Using Machine Learning tools to Predict Air Quality Levels

All codes using in this project can be found here

Introduction

Objective:

This research aims to uncover trends and influencing factors in pollution and Air quality data and be able to accurately predict air quality level based on pollutant, geographic, and climatic factors.

Research Question: How can we predict air quality levels and identify the key factors influencing air pollution?

Data And Key Insights

Input Variables

The input variables are:

•Concentrations (PM2.5, PM10, NO2, SO2, and CO)

•Temperature

•Humidity

•Population density

•Proximity to industrial areas.

The target variable of air quality classifies air quality into 4 levels: Good, Moderate, Poor, and Hazardous.

Exploratory Data Analysis

•Good: Clean, low pollution

•Moderate: Acceptable, but some pollutants present.

•Poor: Pollution, may affect sensitive groups.

•Hazardous: Severe pollution, serious health risks

There is an association between proximity to industrial areas and Air quality, with higher distances away from industrial areas being associated with better Air quality outcomes. We also noticed a clear trend in humidity, with high humidity being associated with worse air quality outcomes.

Approach

We tested different predictive models to maximize accuracy of predictions. We were predicting 4 levels of air quality: Good, Moderate, Poor, and Hazardous.

We first tried a classification method called logistic regression where we grouped air quality levels into just Acceptable or Unacceptable

We ran this model to understand what variables have the biggest effects on Air quality. Although other models offer the advantage of being able to predict at a granular level, they make interpreting individual variable effect more challenging.

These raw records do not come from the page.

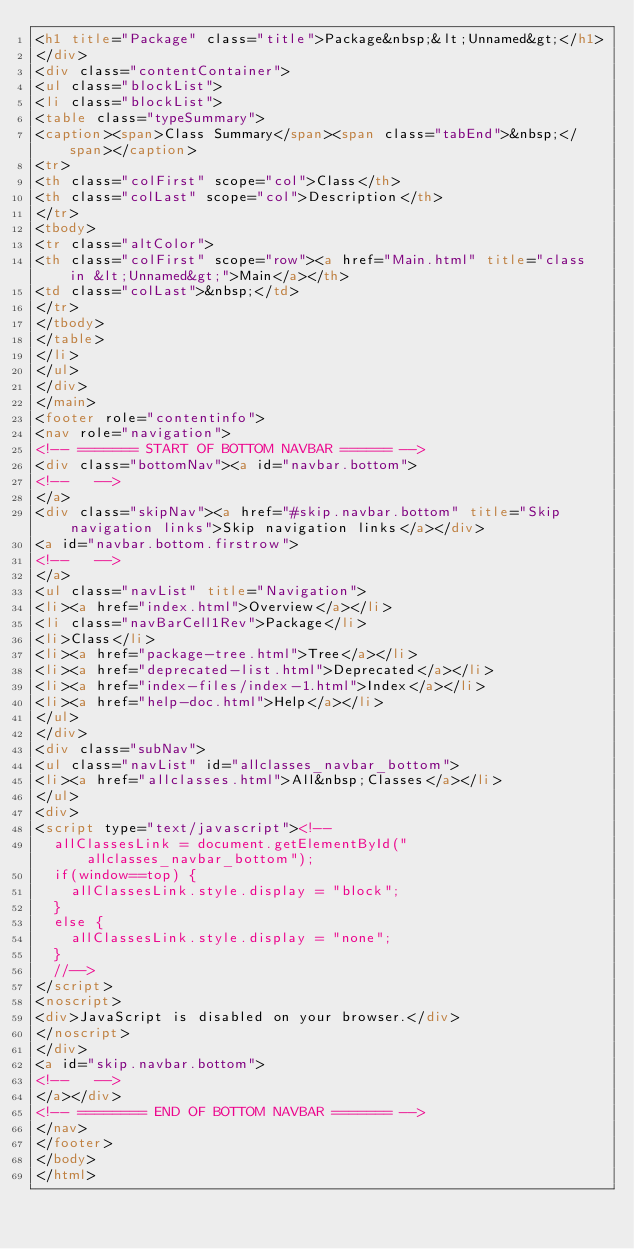Convert code to text. <code><loc_0><loc_0><loc_500><loc_500><_HTML_><h1 title="Package" class="title">Package&nbsp;&lt;Unnamed&gt;</h1>
</div>
<div class="contentContainer">
<ul class="blockList">
<li class="blockList">
<table class="typeSummary">
<caption><span>Class Summary</span><span class="tabEnd">&nbsp;</span></caption>
<tr>
<th class="colFirst" scope="col">Class</th>
<th class="colLast" scope="col">Description</th>
</tr>
<tbody>
<tr class="altColor">
<th class="colFirst" scope="row"><a href="Main.html" title="class in &lt;Unnamed&gt;">Main</a></th>
<td class="colLast">&nbsp;</td>
</tr>
</tbody>
</table>
</li>
</ul>
</div>
</main>
<footer role="contentinfo">
<nav role="navigation">
<!-- ======= START OF BOTTOM NAVBAR ====== -->
<div class="bottomNav"><a id="navbar.bottom">
<!--   -->
</a>
<div class="skipNav"><a href="#skip.navbar.bottom" title="Skip navigation links">Skip navigation links</a></div>
<a id="navbar.bottom.firstrow">
<!--   -->
</a>
<ul class="navList" title="Navigation">
<li><a href="index.html">Overview</a></li>
<li class="navBarCell1Rev">Package</li>
<li>Class</li>
<li><a href="package-tree.html">Tree</a></li>
<li><a href="deprecated-list.html">Deprecated</a></li>
<li><a href="index-files/index-1.html">Index</a></li>
<li><a href="help-doc.html">Help</a></li>
</ul>
</div>
<div class="subNav">
<ul class="navList" id="allclasses_navbar_bottom">
<li><a href="allclasses.html">All&nbsp;Classes</a></li>
</ul>
<div>
<script type="text/javascript"><!--
  allClassesLink = document.getElementById("allclasses_navbar_bottom");
  if(window==top) {
    allClassesLink.style.display = "block";
  }
  else {
    allClassesLink.style.display = "none";
  }
  //-->
</script>
<noscript>
<div>JavaScript is disabled on your browser.</div>
</noscript>
</div>
<a id="skip.navbar.bottom">
<!--   -->
</a></div>
<!-- ======== END OF BOTTOM NAVBAR ======= -->
</nav>
</footer>
</body>
</html>
</code> 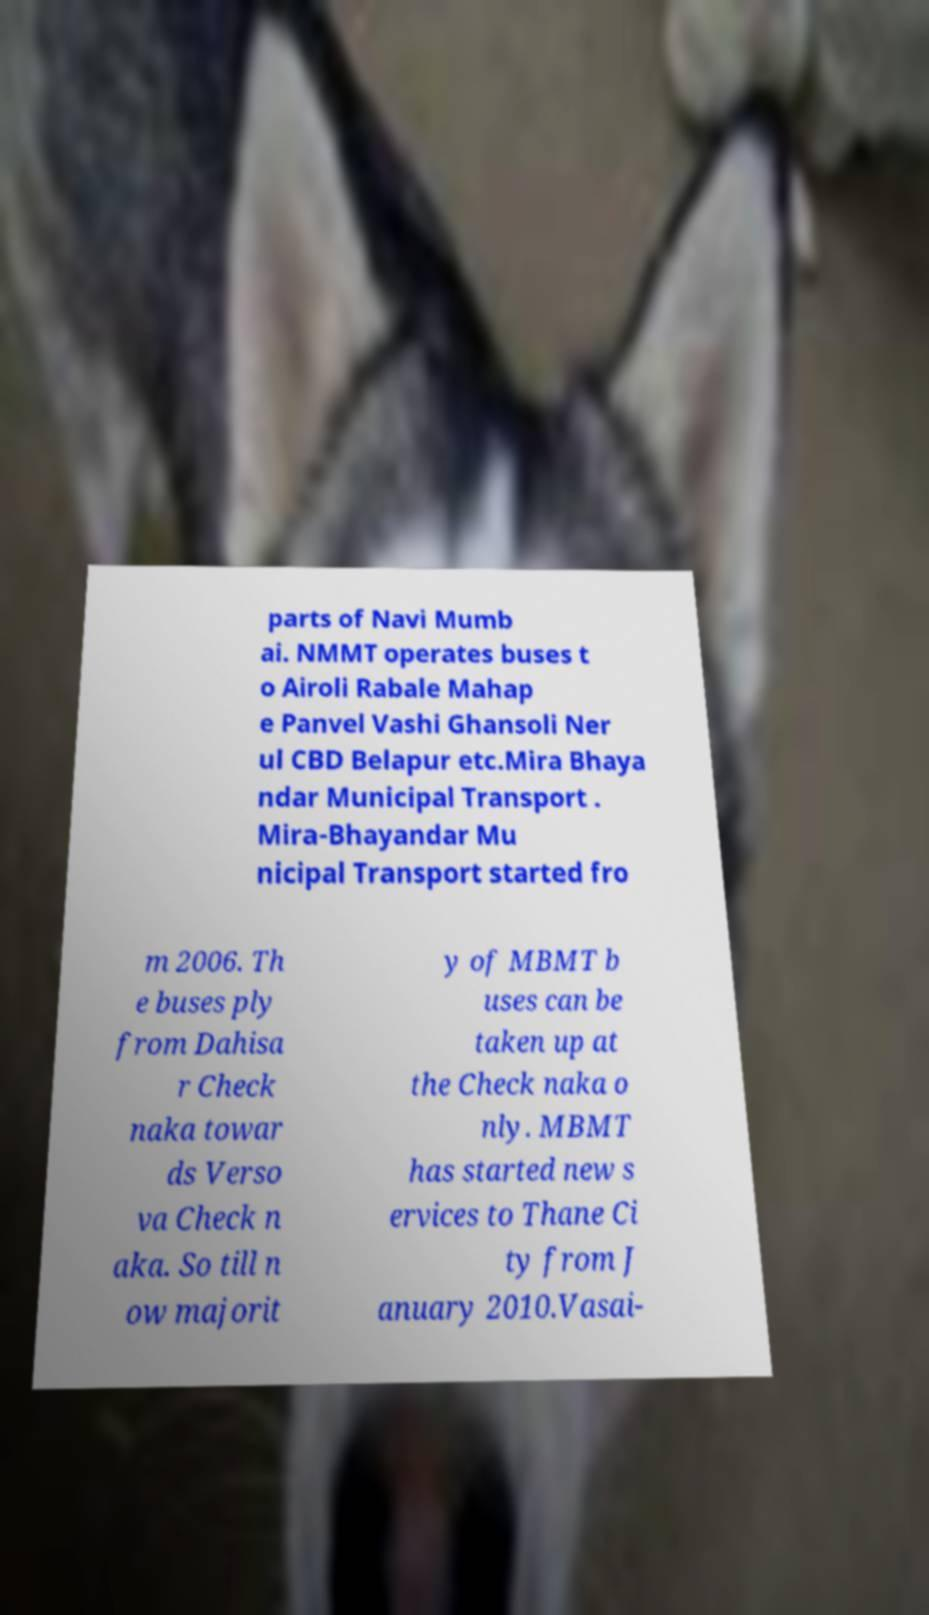There's text embedded in this image that I need extracted. Can you transcribe it verbatim? parts of Navi Mumb ai. NMMT operates buses t o Airoli Rabale Mahap e Panvel Vashi Ghansoli Ner ul CBD Belapur etc.Mira Bhaya ndar Municipal Transport . Mira-Bhayandar Mu nicipal Transport started fro m 2006. Th e buses ply from Dahisa r Check naka towar ds Verso va Check n aka. So till n ow majorit y of MBMT b uses can be taken up at the Check naka o nly. MBMT has started new s ervices to Thane Ci ty from J anuary 2010.Vasai-

Next, we ran an LDA model predicting the 4 levels of air quality. Additionally, we built a KNN model at the same level of classification as a reference point to compare to the LDA.

Results

After testing different predictive models, we decided that the best model was the LDA, which predicted air quality level to 4 levels with an accuracy of 93.95% and sensitivity of 98.23%.

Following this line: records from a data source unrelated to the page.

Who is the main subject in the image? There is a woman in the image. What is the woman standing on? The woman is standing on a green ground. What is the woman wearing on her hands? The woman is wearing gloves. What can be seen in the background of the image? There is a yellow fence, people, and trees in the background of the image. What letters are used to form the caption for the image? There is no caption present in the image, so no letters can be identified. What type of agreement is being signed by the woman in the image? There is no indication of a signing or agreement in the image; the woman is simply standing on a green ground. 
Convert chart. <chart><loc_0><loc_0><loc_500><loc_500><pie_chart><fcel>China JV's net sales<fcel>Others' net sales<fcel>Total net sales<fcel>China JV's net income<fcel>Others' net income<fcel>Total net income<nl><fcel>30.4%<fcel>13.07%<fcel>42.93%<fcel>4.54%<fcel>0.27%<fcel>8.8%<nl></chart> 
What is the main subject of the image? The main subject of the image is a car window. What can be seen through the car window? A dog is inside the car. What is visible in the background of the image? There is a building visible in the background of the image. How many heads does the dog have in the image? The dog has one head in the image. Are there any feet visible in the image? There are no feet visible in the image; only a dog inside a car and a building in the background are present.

The grouped analysis (logistic regression model) yielded an overall accuracy of 96.70%

The KNN model gave us a 92.6% accuracy but was not good at predicting Hazardous and poor classes.

Conclusion

Effective prediction & Recommendations

Our models effectively predicted air quality levels, showcasing their reliability in identifying data patterns. Policy recommendations include reducing CO and NO2 emissions via cleaner energy, stricter vehicle standards, and improved industrial processes. Urban planning should prioritize buffer zones to separate industrial areas from residential zones, as proximity to industries strongly influences air quality.

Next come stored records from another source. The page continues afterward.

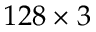<formula> <loc_0><loc_0><loc_500><loc_500>1 2 8 \times 3</formula> 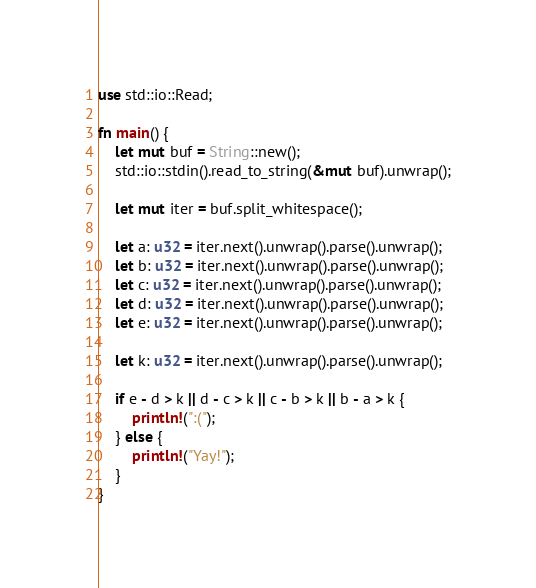Convert code to text. <code><loc_0><loc_0><loc_500><loc_500><_Rust_>use std::io::Read;

fn main() {
    let mut buf = String::new();
    std::io::stdin().read_to_string(&mut buf).unwrap();
    
    let mut iter = buf.split_whitespace();
    
    let a: u32 = iter.next().unwrap().parse().unwrap();
    let b: u32 = iter.next().unwrap().parse().unwrap();
    let c: u32 = iter.next().unwrap().parse().unwrap();
    let d: u32 = iter.next().unwrap().parse().unwrap();
    let e: u32 = iter.next().unwrap().parse().unwrap();
    
    let k: u32 = iter.next().unwrap().parse().unwrap();
    
    if e - d > k || d - c > k || c - b > k || b - a > k {
        println!(":(");
    } else {
        println!("Yay!");
    }
}</code>

We also recommend promoting green infrastructure and urban greening projects to mitigate pollution effects in densely populated areas. '

One other potential application for this research could be some sort of predictive map interface, either a website or an app, where users could see the predicted air qualities for their location in a 7-day forecast. This would allow users with health concerns or users in areas with poor air quality to be more informed and make decisions in their daily lives.